Exercise aim =
Only the pictures are to be left out; write out the rest of the data exactly.

### Collected data ###

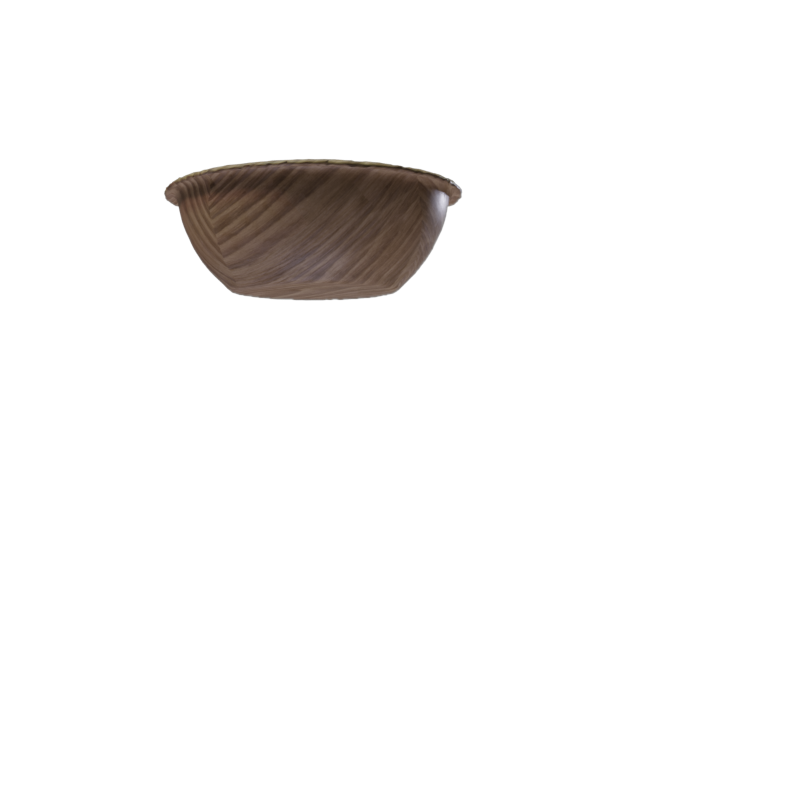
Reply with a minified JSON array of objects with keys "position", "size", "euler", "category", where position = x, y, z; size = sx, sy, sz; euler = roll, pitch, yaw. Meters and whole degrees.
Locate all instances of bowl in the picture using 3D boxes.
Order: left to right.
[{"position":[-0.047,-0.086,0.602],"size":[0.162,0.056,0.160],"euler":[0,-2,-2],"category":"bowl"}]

###

Completed exercise =
Reply with a minified JSON array of objects with keys "position", "size", "euler", "category", where position = x, y, z; size = sx, sy, sz; euler = roll, pitch, yaw. Meters and whole degrees.
Locate all instances of bowl in the picture using 3D boxes.
Order: left to right.
[{"position":[-0.047,-0.086,0.602],"size":[0.162,0.056,0.160],"euler":[0,-2,-2],"category":"bowl"}]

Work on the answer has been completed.